Once the accumulated timeline has been generated, it is then converted into grouped data. To accomplish this, a group interval is required. The group interval length should be chosen so that it is representative of the data. Also note that the intervals do not have to be of equal length. Once the data points have been grouped, the parameters can be obtained using maximum likelihood estimation as described in Chapter 5 in the Grouped Data Analysis section. The data in Table 13.2 can be grouped into 5 hr intervals. This interval length is sufficiently large to insure that there are failures within each interval. The grouped data set is given in Table 13.3.

Table 13.3 - Grouped data

Failures in Interval	Interval End Time
1	5
1	10
1	15
1	20
1	25

The Crow-AMSAA model for Grouped Failure Times is used for the data in Table 13.3 and the parameters of the model are solved by satisfying the following maximum likelihood equations (Chapter 5).

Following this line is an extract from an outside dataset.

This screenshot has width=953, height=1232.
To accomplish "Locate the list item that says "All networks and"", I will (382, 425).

${\displaystyle \begin{array}{c}\hat{\lambda }=\frac{n}{T_k^{\hat{\beta }}}\\ \underset{i=1}{\sum ^k}{n}_i[\frac{T_i^{\hat{\beta }}\ln T_{i-1}-T_{i-1}^{\hat{\beta }}\ln T_{i-1}}{T_i^{\hat{\beta }}-T_{i-1}^{\hat{\beta }}}-\ln T_k]=0\end{array}}$

Example 4

Table 13.4 presents data for a fleet of 27 systems. A cycle is a complete history from overhaul to overhaul. The failure history for the last completed cycle for each system is recorded. This is a random sample of data from the fleet. These systems are in the order in which they were selected. Suppose the intervals to group the current data are 10000, 20000, 30000, 40000 and the final interval is defined by the termination time. Conduct the fleet analysis.

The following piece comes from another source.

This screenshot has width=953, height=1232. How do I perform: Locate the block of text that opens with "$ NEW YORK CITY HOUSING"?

Table 13.4 - Sample fleet data!System

Cycle Time ${\displaystyle T_j}$	Number of failures ${\displaystyle N_j}$	Failure Time ${\displaystyle X_{ij}}$
1	1396	1	1396
2	4497	1	4497
3	525	1	525
4	1232	1	1232
5	227	1	227
6	135	1	135
7	19	1	19
8	812	1	812
9	2024	1	2024
10	943	2	316, 943
11	60	1	60
12	4234	2	4233, 4234
13	2527	2	1877, 2527
14	2105	2	2074, 2105
15	5079	1	5079
16	577	2	546, 577
17	4085	2	453, 4085
18	1023	1	1023
19	161	1	161
20	4767	2	36, 4767
21	6228	3	3795, 4375, 6228
22	68	1	68
23	1830	1	1830
24	1241	1	1241
25	2573	2	871, 2573
26	3556	1	3556
27	186	1	186
Total	52110	37

Solution

For the system data in Table 13.4, the data can be grouped into 10000, 20000, 30000, 4000 and 52110 time intervals. Table 13.5 gives the grouped data.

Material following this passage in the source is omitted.